Side hustles are almost synonymous with being South African. From magwinya by the side of the road to buying and selling second-hand clothes or furniture, we make plans. Let’s look at how to hustle with a plan.
• Sibongile Maake has an engineering degree, but these days she runs a co-op that raises and sells thousands of chickens. Stuck at home, during lockdown Sibongile decided to look into chicken farming. She did an online course, watched loads of YouTube videos, joined social media groups, and took the plunge.
Sibongile shared her journey on social media and soon people started asking her for advice, so she put an online course together. This generated a handy income while her chicks grew.
Soon she realised that there were many other people who, like her, wanted to grow their businesses but didn’t have the land and equipment to do so. Sibongile responded by bringing farmers together in co-ops. Her dream is to eventually have a network of co-ops that raise and sell chickens to customers across the country.
• Google Babes Wama Veges and you’ll meet Ntombi Mahlangu, a trained IT technician and an entrepreneur who started growing vegetables and selling them on social media and on the streets during lockdown and has built a thriving business.
• Thokozani Dlamini is an installer for an electrical company, his side hustle is supplying customised flowers for funerals, while Noma Sikhosana started selling cosmetics at work when her husband lost his job.
These examples show the many different forms a side hustle can take. Here are 10 steps to follow when you want to start your own:
1. Find the gap in the market
Most side hustles involve buying and selling something, and very often that something is food. The secret to success is to offer something new and different, otherwise you have to be the cheapest to get customers, and that’s no way to make extra money.
2. Understand what your customers want
Although many people love magwinya, there are many others who want to eat healthier or who may have a food allergy. If you can meet these people’s needs with a different magwinya recipe or a different snack, you could be onto a successful little business.
3. Know what you are good at
It’s no use starting a cake business when you hate baking. Maybe your strength is managing money, so your side hustle could be to help other small entrepreneurs with their bookkeeping. Knowing your strengths will help you find opportunities.
4. Have a marketing plan
We’re not talking about 20 pages with graphs and pie charts, but you must know how you are going to reach your customers. Will you advertise on Facebook and Twitter, or hand out flyers at the office (with permission, of course!)? You must know before you start.

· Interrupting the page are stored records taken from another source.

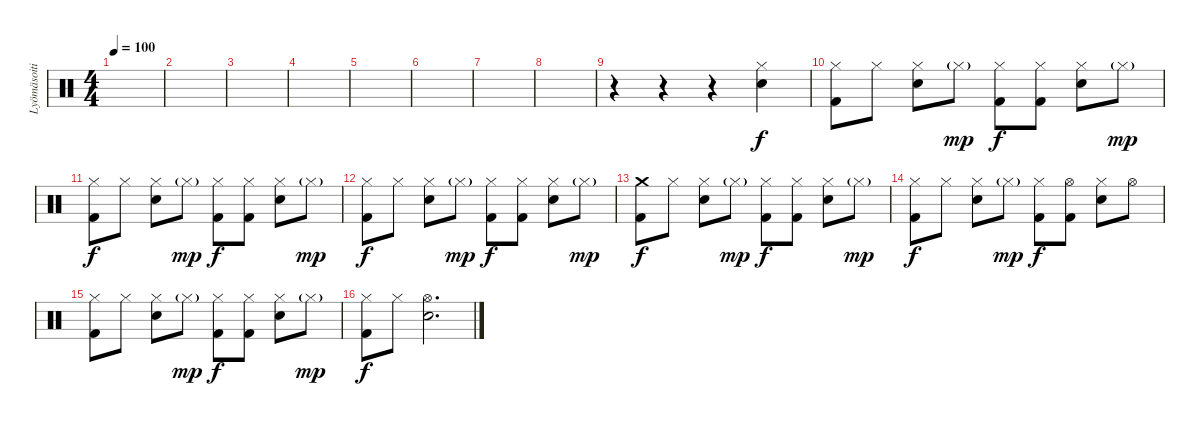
\track ("Lyömäsoitin" "Lyömäsoiti") {instrument percussion}
\staff {score}
\articulation defaults
\ts (4 4)
\tempo 100
\clef neutral
\ks c
|
|
|
|
|
|
|
|
r.4 r.4 r.4 ("Hi-Hat (closed)" "Electric Snare (hit)").4 |
("Hi-Hat (closed)" "Kick (hit) 2").8 "Hi-Hat (closed)".8 ("Hi-Hat (closed)" "Electric Snare (hit)").8 "Hi-Hat (closed)"{g}.8{dy mp} ("Hi-Hat (closed)" "Kick (hit) 2").8{dy f} ("Hi-Hat (closed)" "Kick (hit) 2").8 ("Hi-Hat (closed)" "Electric Snare (hit)").8 "Hi-Hat (closed)"{g}.8{dy mp} |
("Hi-Hat (closed)" "Kick (hit) 2").8{dy f} "Hi-Hat (closed)".8 ("Hi-Hat (closed)" "Electric Snare (hit)").8 "Hi-Hat (closed)"{g}.8{dy mp} ("Hi-Hat (closed)" "Kick (hit) 2").8{dy f} ("Hi-Hat (closed)" "Kick (hit) 2").8 ("Hi-Hat (closed)" "Electric Snare (hit)").8 "Hi-Hat (closed)"{g}.8{dy mp} |
("Hi-Hat (closed)" "Kick (hit) 2").8{dy f} "Hi-Hat (closed)".8 ("Hi-Hat (closed)" "Electric Snare (hit)").8 "Hi-Hat (closed)"{g}.8{dy mp} ("Hi-Hat (closed)" "Kick (hit) 2").8{dy f} ("Hi-Hat (closed)" "Kick (hit) 2").8 ("Hi-Hat (closed)" "Electric Snare (hit)").8 "Hi-Hat (closed)"{g}.8{dy mp} |
("Crash medium (hit)" "Kick (hit) 2").8{dy f} "Hi-Hat (closed)".8 ("Hi-Hat (closed)" "Electric Snare (hit)").8 "Hi-Hat (closed)"{g}.8{dy mp} ("Hi-Hat (closed)" "Kick (hit) 2").8{dy f} ("Hi-Hat (closed)" "Kick (hit) 2").8 ("Hi-Hat (closed)" "Electric Snare (hit)").8 "Hi-Hat (closed)"{g}.8{dy mp} |
("Hi-Hat (closed)" "Kick (hit) 2").8{dy f} "Hi-Hat (closed)".8 ("Hi-Hat (closed)" "Electric Snare (hit)").8 "Hi-Hat (closed)"{g}.8{dy mp} ("Hi-Hat (closed)" "Kick (hit) 2").8{dy f} ("Hi-Hat (open)" "Kick (hit) 2").8 ("Hi-Hat (closed)" "Electric Snare (hit)").8 "Hi-Hat (open)".8 |
("Hi-Hat (closed)" "Kick (hit) 2").8 "Hi-Hat (closed)".8 ("Hi-Hat (closed)" "Electric Snare (hit)").8 "Hi-Hat (closed)"{g}.8{dy mp} ("Hi-Hat (closed)" "Kick (hit) 2").8{dy f} ("Hi-Hat (closed)" "Kick (hit) 2").8 ("Hi-Hat (closed)" "Electric Snare (hit)").8 "Hi-Hat (closed)"{g}.8{dy mp} |
("Hi-Hat (closed)" "Kick (hit) 2").8{dy f} "Hi-Hat (closed)".8 ("Hi-Hat (open)" "Electric Snare (hit)").2{d}

Again, it’s not about complicated spreadsheets, but you have to run the numbers to know how much money you need to make for the business to be worth your while. Remember that guy who’s good with numbers we mentioned in point 3? Here is where you want to talk to him.
6. Budget again, work in your return on investment.
Yep, call that numbers guy!
7. Don’t go into massive debt.
This is very important. If you want to start a cooking business, use the stove you have – don’t buy new equipment until you can pay for it from your profits. Side hustles are all about making money with what you’ve got.
8. Expect a bump or two.
Maybe you’re lucky and everything goes well from the start; maybe not. Whatever happens, roll with the punches and don’t give up at the first hurdle.
9. Learn from your mistakes.
It’s not good enough to simply try again; you must work out what the problem was and solve it before you press the reset button.
10. You don’t have to do it alone.
If you want to start a side hustle but you don’t have the time, how about going into partnership with a friend who has the time but needs help to get going. Just make sure you put a written agreement in place.
A side hustle can be a great way to boost your cash flow, and give you the chance to pursue a dream or develop new skills. Go about it the right way and you could even end up building a business that employs other people.